This article originally appeared in Public Justice Review, a publication by the Center for Public Justice.
Public discourse in the United States typically discusses human flourishing and health care in terms of earthly well-being. In a recent article in this issue of Public Justice Review, Joshua Bombino and Chelsea Langston Bombino advocate for a holistic analysis of human flourishing and health care that recognizes how the economic activities involved in budgeting and investment at various social levels — household, business, nonprofit, and government — promote human well-being that incorporates environmental, biological, psychological, relational, and spiritual benefit. Public discourse should rightly focus on such robust conceptions of human flourishing to discern effective government action in our pluralistic society.

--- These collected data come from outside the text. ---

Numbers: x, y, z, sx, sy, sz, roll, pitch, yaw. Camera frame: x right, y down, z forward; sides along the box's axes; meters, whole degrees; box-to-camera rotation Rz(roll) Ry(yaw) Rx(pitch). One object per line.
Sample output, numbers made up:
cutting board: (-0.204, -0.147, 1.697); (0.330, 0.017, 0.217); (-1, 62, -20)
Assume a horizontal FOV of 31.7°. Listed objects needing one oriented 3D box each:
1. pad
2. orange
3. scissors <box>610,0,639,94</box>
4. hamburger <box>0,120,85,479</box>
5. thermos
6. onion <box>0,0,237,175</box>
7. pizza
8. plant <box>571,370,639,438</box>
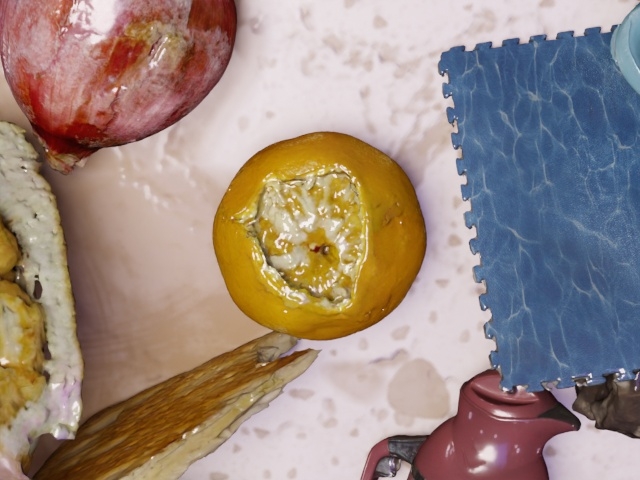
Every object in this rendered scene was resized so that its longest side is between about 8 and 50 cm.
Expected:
pad: (0.230, -0.036, 0.785); (0.269, 0.012, 0.270); (-9, 70, 1)
orange: (0.000, 0.000, 0.806); (0.154, 0.134, 0.155); (-2, 109, -7)
scissors: (0.369, -0.165, 0.800); (0.393, 0.032, 0.180); (4, 80, -10)
hamburger: (-0.283, 0.080, 0.740); (0.195, 0.318, 0.277); (3, 141, -34)
thermos: (0.095, 0.247, 0.896); (0.109, 0.136, 0.330); (9, 107, -32)
onion: (-0.147, -0.125, 0.763); (0.159, 0.159, 0.195); (25, 111, -7)
pizza: (-0.108, 0.136, 0.838); (0.262, 0.181, 0.034); (-31, 104, -18)
plant: (0.331, 0.102, 0.827); (0.274, 0.149, 0.146); (17, 107, -4)
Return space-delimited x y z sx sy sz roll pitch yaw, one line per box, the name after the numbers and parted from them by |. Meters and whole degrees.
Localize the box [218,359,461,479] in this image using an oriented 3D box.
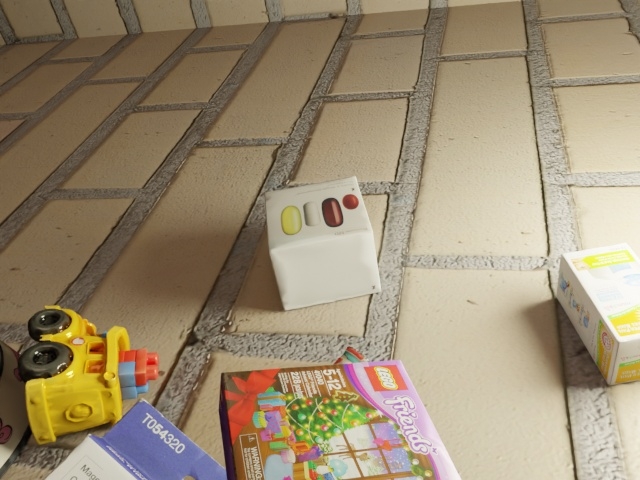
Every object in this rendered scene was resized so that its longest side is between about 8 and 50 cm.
0.024 0.228 0.529 0.200 0.057 0.293 0 31 -16 | box

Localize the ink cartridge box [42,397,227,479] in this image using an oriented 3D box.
-0.204 0.388 0.681 0.324 0.071 0.330 36 53 8 | ink cartridge box

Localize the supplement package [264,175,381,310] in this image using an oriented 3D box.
0.000 0.000 1.171 0.194 0.149 0.203 -11 37 -1 | supplement package

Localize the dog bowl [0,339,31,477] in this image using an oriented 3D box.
-0.693 0.286 0.981 0.407 0.150 0.408 -6 38 5 | dog bowl

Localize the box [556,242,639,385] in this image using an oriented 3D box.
0.471 0.112 0.949 0.114 0.103 0.203 -10 38 2 | box

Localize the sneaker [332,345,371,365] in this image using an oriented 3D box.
0.073 0.238 0.939 0.075 0.057 0.161 -43 47 -12 | sneaker

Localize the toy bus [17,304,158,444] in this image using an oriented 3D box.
-0.384 0.210 1.020 0.211 0.150 0.220 -6 33 -15 | toy bus

This earthly human flourishing begins in the souls of people who strive for virtue, or holiness to use religious language, and who cooperate for the common good. Earlier in this series, Clarke Cochran urges us to scrutinize our souls, to recognize the consequences of an overwrought individualism in matters of life and of the use of scarce health care resources, and to offer medical and institutional practices that better serve the common good. Longed-for transformations in health care begin with this disciplined spiritual effort. If attended to by many, that effort can infuse health care institutions with the “soul-shaping institutional engagement” that Bombino and Bombino hope will transform “socially, financially, and spiritually impoverished individuals and communities experiencing a deficit of health and well-being in different areas of their lives.”

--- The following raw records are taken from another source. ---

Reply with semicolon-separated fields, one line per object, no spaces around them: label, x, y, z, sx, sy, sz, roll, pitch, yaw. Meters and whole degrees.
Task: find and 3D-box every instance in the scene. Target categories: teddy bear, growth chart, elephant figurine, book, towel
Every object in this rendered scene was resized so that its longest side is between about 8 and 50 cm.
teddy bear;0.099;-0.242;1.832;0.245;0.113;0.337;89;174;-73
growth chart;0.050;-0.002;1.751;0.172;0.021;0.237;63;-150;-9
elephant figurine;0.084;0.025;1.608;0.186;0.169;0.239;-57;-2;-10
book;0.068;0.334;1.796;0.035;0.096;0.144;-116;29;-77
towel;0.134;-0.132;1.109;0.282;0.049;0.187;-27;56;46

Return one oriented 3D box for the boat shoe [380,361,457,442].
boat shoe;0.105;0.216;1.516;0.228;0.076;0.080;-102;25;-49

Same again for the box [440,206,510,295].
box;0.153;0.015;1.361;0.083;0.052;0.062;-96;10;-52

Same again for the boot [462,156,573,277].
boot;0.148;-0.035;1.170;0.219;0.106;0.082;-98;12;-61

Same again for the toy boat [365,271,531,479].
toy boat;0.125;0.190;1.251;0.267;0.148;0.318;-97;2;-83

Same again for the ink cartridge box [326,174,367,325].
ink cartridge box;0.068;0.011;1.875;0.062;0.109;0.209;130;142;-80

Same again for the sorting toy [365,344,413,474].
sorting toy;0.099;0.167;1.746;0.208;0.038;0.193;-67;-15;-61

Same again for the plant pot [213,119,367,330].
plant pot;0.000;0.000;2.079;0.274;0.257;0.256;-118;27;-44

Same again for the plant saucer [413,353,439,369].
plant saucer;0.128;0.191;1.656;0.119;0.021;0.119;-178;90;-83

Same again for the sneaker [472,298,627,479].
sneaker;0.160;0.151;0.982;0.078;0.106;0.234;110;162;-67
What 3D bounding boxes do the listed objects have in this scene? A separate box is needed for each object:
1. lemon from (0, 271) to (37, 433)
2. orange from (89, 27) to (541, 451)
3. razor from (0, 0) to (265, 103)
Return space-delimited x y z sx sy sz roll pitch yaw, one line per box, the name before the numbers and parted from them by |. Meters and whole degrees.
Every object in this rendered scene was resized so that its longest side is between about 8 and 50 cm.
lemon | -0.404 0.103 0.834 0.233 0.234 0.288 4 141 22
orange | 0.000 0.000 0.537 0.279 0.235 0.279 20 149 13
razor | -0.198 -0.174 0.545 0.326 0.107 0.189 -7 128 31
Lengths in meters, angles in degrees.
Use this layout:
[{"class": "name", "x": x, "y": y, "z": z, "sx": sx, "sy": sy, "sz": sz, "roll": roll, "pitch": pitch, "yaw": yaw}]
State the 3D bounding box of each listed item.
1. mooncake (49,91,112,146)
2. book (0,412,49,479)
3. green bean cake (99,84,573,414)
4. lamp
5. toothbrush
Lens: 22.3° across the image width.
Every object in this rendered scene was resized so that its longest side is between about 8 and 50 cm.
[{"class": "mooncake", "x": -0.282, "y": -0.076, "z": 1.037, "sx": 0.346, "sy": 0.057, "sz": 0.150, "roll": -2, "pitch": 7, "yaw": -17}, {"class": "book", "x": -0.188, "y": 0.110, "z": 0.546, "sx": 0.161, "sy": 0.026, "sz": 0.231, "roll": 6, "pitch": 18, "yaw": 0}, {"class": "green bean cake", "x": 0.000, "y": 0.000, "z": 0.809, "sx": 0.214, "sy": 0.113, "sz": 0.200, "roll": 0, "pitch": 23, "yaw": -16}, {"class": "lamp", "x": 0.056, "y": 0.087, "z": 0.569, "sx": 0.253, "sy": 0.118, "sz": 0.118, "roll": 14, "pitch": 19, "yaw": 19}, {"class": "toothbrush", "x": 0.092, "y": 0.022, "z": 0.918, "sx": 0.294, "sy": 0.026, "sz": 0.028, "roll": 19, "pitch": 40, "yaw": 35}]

We see this aspiration for soul-shaping institutional engagement in the mission statements, leadership, and work of faith-based health care institutions across the nation. The spiritual foundations of this engagement are the hearts and minds of medical professionals that respond to patients not only with sympathy, as anyone would, but also by ordering well the materials, persons, and activities that promote comfort and healing in the patients’ body and psyche. The encounters that patients have with the institution and the healing process transform them spiritually, so they in turn, with souls shaped, might contribute to the health and well-being of others. Hearts and minds encounter hearts and minds through the work of a health care institution.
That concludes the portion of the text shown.